Shin’s team at the Gangnueng Oval guards a gate that blocking a short stretch of the hallway circling the arena, where they park the Zambonis. The job of these young women is to stop anyone who tries to pass, and tell them they have to turn and walk all the way around the other way. It’s a 20-minute inconvenience for athletes, photographers and executives in a hurry to get where they need to be.
Many get angry. Some scream.
“I’m so sorry, you can’t come through here,” 22-year-old Lucy Hwang has said again and again, every night for weeks.
One executive, his temper flaring, began berating her, taking photographs of her badge and insisting he’d get her in trouble, in this job that she does for free.
“It got me so stressed out,” she said, “and I told them I don’t want to do this anymore.”
Her manager chased the man down and he promised he’d come to apologize, but he never did. Hwang went home early that night. When she returned, she told them she didn’t want to guard the gate anymore, and they agreed.
Hwang grew up here in Gangwon Province, a rural, down-on-its-luck former coal mining community that launched a years-long bid for the Olympics in an effort to remake itself as an international winter sports destination.
“It’s what we’ve been longing for for a long time,” she said. “The Olympics, it’s a one-time experience in your life. That’s a cliche. But it’s true. I will never be at an Olympics in my town again.”
Exactly 30 years ago, Lucy Hwang’s mother was her age and volunteered for the Olympics in Seoul.
The two women look exactly alike; their family and friends have a nickname for them in Korean that translates roughly to “30-year-apart twins.” Hwang remembers when the announcement came on television that Pyeongchang had won the Olympics on its third try.
“My mom was like, ’Oh, my God, I’m having two Olympics in one life. And you should volunteer because I would again, but I’m too old now,” Hwang recalls. “She says, ‘I had Seoul, now you have Pyeongchang.’”
Hwang loves that people can spot the volunteers because of their loud and matching uniforms. Once, a group of photographers asked her for a bar recommendation. She gave them directions to one of her favorites, and they invited her to come along. She did, and now she has friends from Serbia, from the Czech Republic, from Japan.

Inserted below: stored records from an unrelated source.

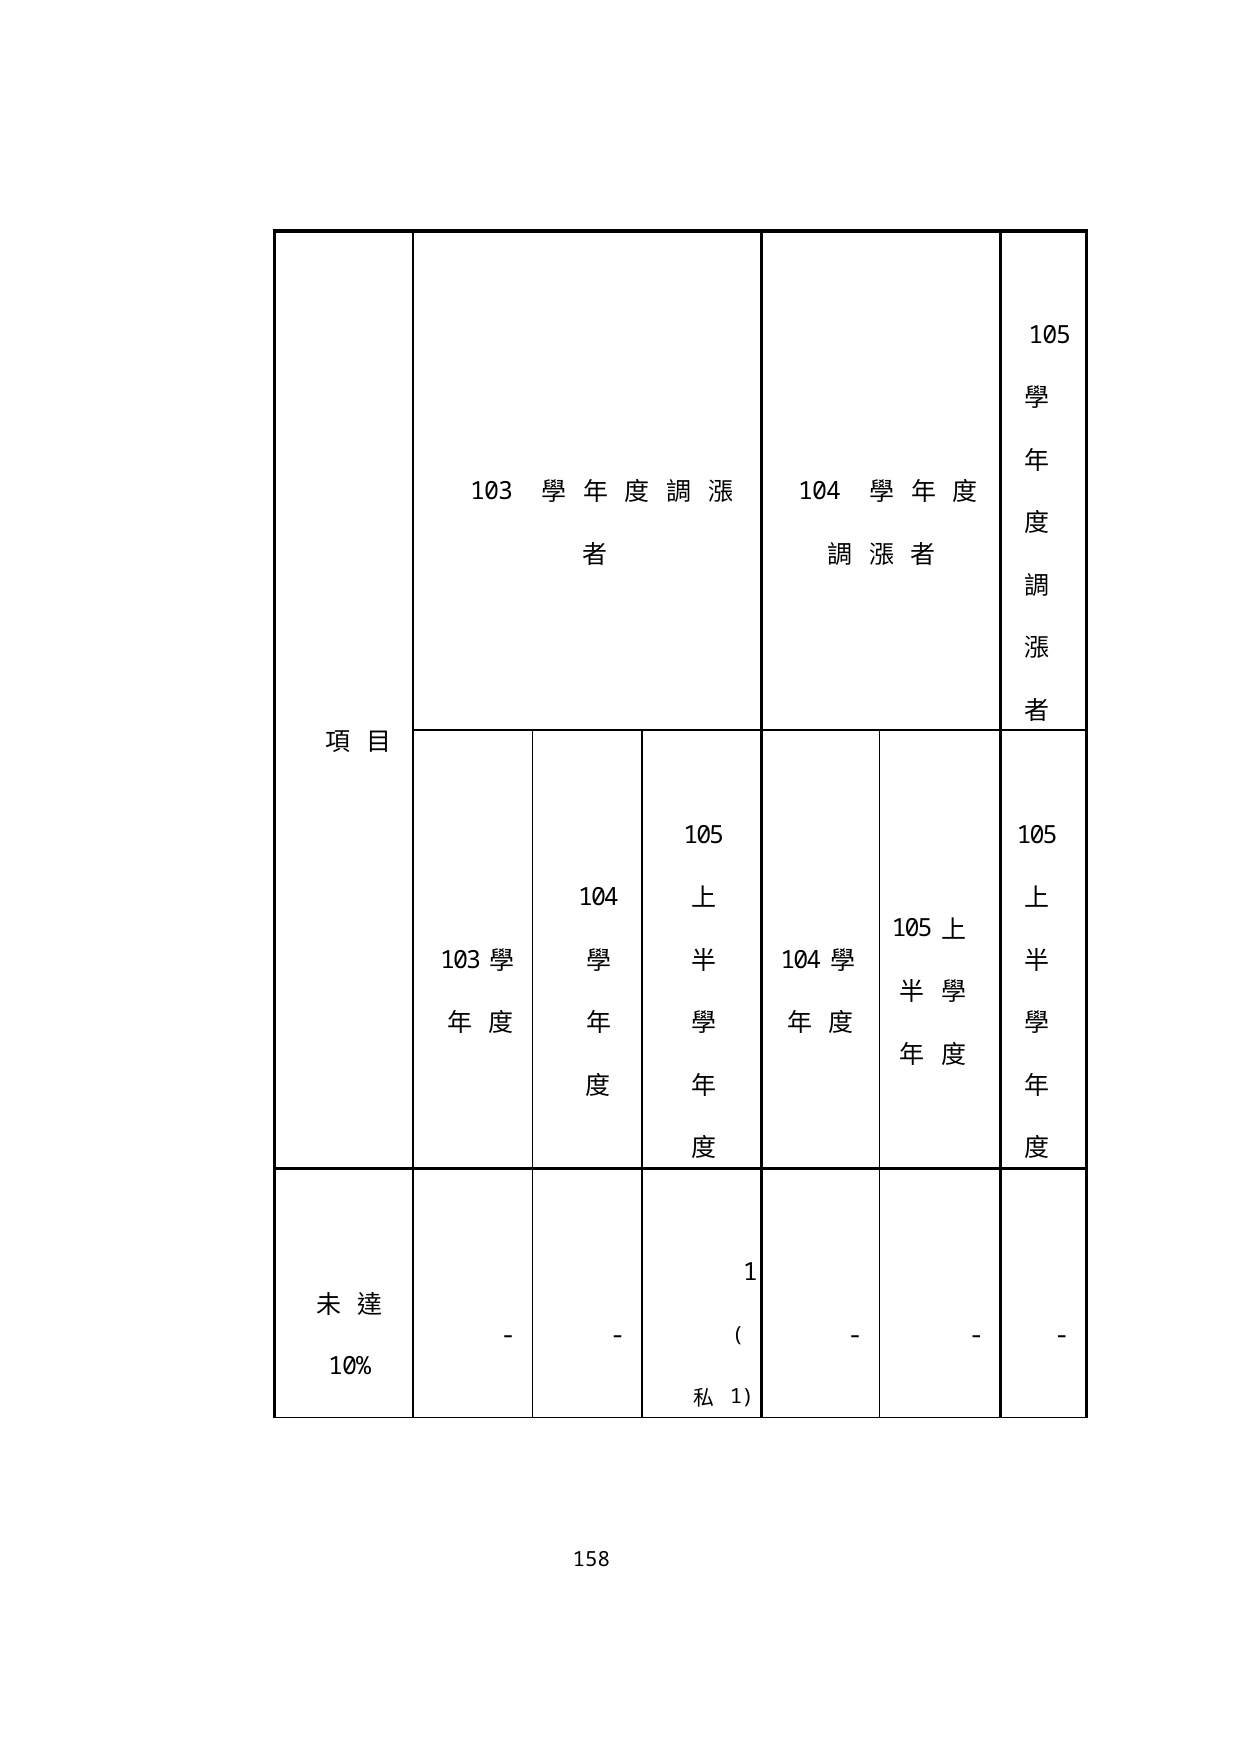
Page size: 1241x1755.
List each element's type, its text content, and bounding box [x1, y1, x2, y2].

table_cell 105上半學年度 [880, 731, 999, 1167]
table_header 103學年度調漲者 [414, 233, 760, 729]
table_cell 105上半學年度 [643, 731, 760, 1167]
table_cell 105上半學年度 [1002, 731, 1085, 1167]
table_header 項目 [276, 233, 412, 1167]
table_cell - [763, 1170, 879, 1417]
table_header 104學年度調漲者 [763, 233, 999, 729]
table_cell 104學年度 [533, 731, 641, 1167]
table_cell 未達10% [276, 1170, 412, 1417]
table_cell 1(私1) [643, 1170, 760, 1417]
table_cell - [414, 1170, 532, 1417]
table_header 105學年度調漲者 [1002, 233, 1085, 729]
table_cell 103學年度 [414, 731, 532, 1167]
table_cell - [533, 1170, 641, 1417]
table_cell - [1002, 1170, 1085, 1417]
table_cell - [880, 1170, 999, 1417]
table_cell 104學年度 [763, 731, 879, 1167]
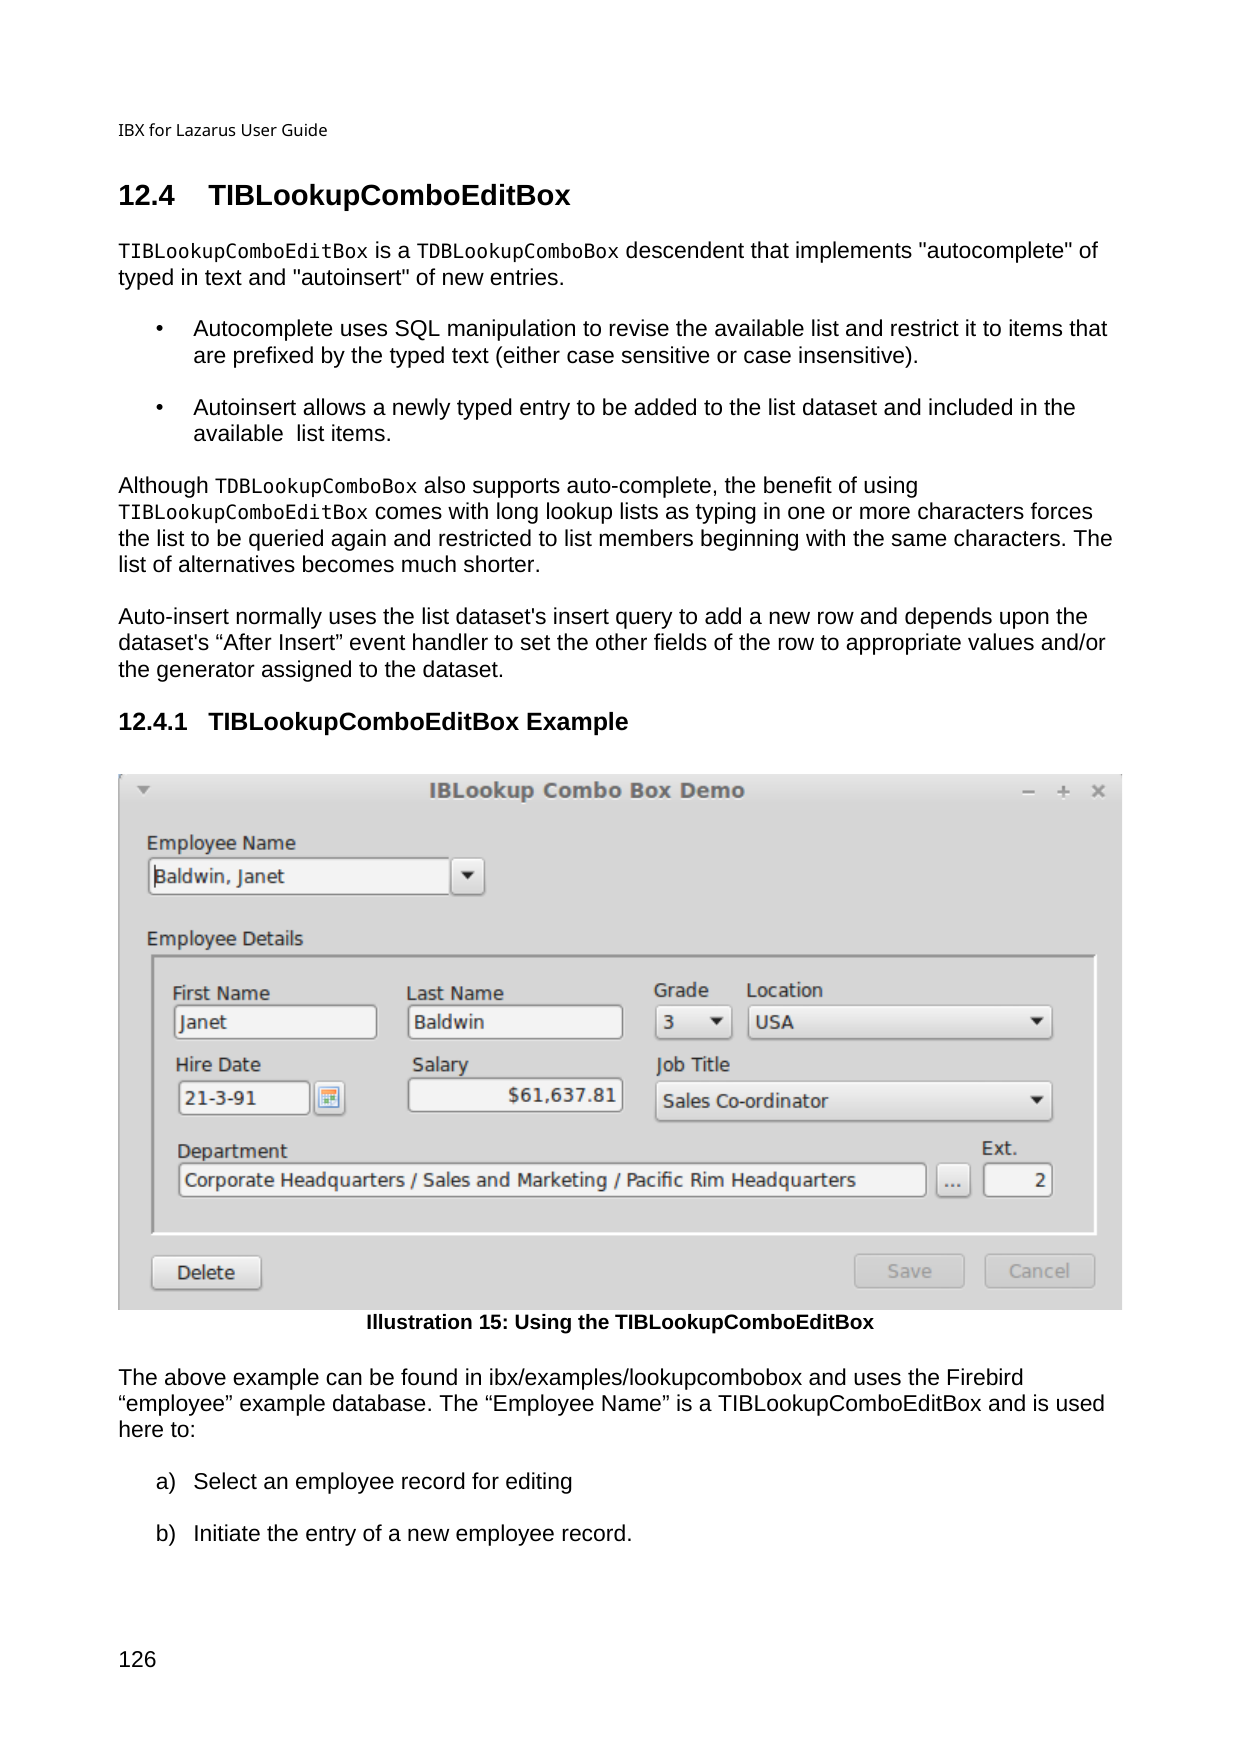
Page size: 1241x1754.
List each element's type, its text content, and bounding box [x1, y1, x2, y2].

text Auto-insert normally uses the list dataset's insert query to add a new row and depends upon the dataset's “After Insert” event handler to set the other fields of the row to appropriate values and/or the generator assigned to the dataset. [118, 603, 1122, 682]
text The above example can be found in ibx/examples/lookupcombobox and uses the Firebird “employee” example database. The “Employee Name” is a TIBLookupComboEditBox and is used here to: [118, 1333, 1122, 1443]
picture [118, 774, 1123, 1310]
list Initiate the entry of a new employee record. [156, 1520, 1122, 1546]
list Autoinsert allows a newly typed entry to be added to the list dataset and included in the available list items. [156, 394, 1122, 446]
text Illustration 15: Using the TIBLookupComboEditBox [118, 1310, 1122, 1333]
subtitle TIBLookupComboEditBox [118, 178, 1122, 212]
list Select an employee record for editing [156, 1468, 1122, 1494]
text Although TDBLookupComboBox also supports auto-complete, the benefit of using TIBLookupComboEditBox comes with long lookup lists as typing in one or more characters forces the list to be queried again and restricted to list members beginning with the same characters. The list of alternatives becomes much shorter. [118, 472, 1122, 577]
list Autocomplete uses SQL manipulation to revise the available list and restrict it to items that are prefixed by the typed text (either case sensitive or case insensitive). [156, 315, 1122, 368]
text TIBLookupComboEditBox is a TDBLookupComboBox descendent that implements "autocomplete" of typed in text and "autoinsert" of new entries. [118, 237, 1122, 290]
text [118, 762, 1122, 774]
subtitle TIBLookupComboEditBox Example [118, 707, 1122, 736]

She’s been busy, so she didn’t have time to think too much about all she had seen. On her last night at the oval, she said she wished she could have just a few more days.
“I realize it is actually so special to be here,” she said.
Her one complaint: those loud gray-and-red uniforms.
In her normal life, she wears what she describes as the “Korean girl uniform”: skinny jeans and hoodies. The volunteer uniforms are baggy gray jackets, trimmed with a bright-red, pixelated compilation of the Korean alphabet, Hangul. The pattern is on the ski pants and the lining of the boots they have all had to wear, every day, for weeks. She and some of her new friends joke that the red motif looks like “marbled beef.”
“We’re all like, ‘The designer should wear this all the time so he has to know the humiliation,’” she says.
Then another lost fan spotted the marbled beef print in the crowd, pegged her as a volunteer and asked for directions.